信州で暮らしていた頃の友人と十年ぶりに再会できるのです。
 
大学病院で同じセクションで看護師をしていた[戦友]です。
 
二交代の勤務体制でしたが、
 
日勤でも夜勤でも普通に六時間以上は残業をする悪しき慣習の職場。
 
休日出勤も普通、ギャグが無い、など悪例に関して枚挙に暇がない。。
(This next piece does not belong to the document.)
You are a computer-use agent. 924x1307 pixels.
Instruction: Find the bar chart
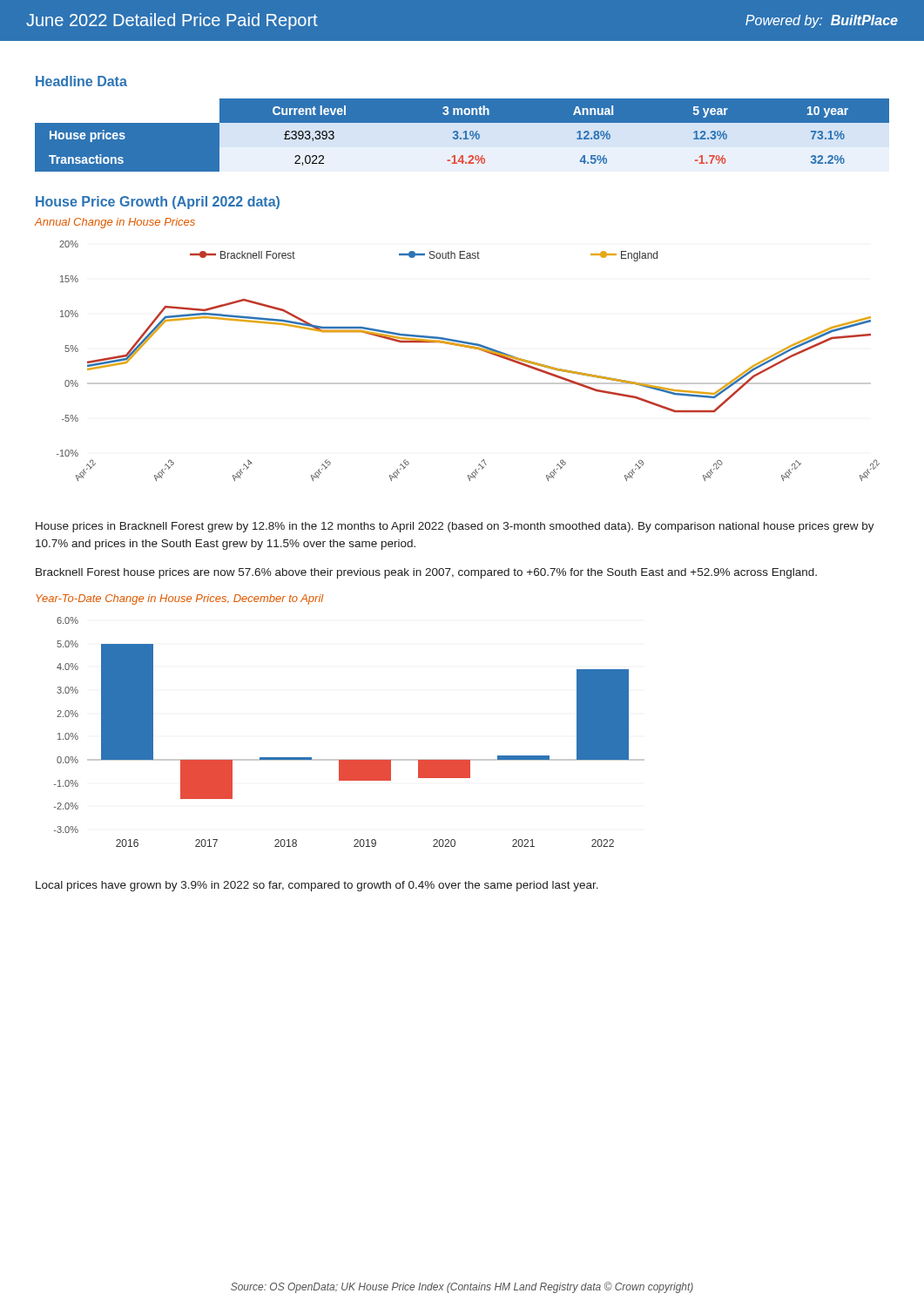(462, 738)

。
 
そして挙げ句の果てに、医療事故。
 
テレビのニュースで、病院幹部が謝罪する映像が流れる。
 
警察から、
 
責任者や当事者(薬剤投与を間違えたスタッフ〕は事情聴取。
 
それ以外はプロセスレコードを提出するのですが、
 
皆とても真摯な気持ちで当時の行動を振り返ってレコードを作成していると、
 
上司である師長が「すごい真剣だね」と心外な言葉を発したのです。
 
〝上司がこういう人で、こういう職場だから医療事故になったんじゃないの⁉︎“
 
って心の叫びが皆から聞こえた気がしました。
 
事故を起こしてしまった以上、真剣に向き合うこと以外のやるべきことは無いのに、、。
 
煮えくり返っていたけれど、肅々と乗り切りました。
 
余裕のない労働環境と人間関係が、最悪の事態を招くのです。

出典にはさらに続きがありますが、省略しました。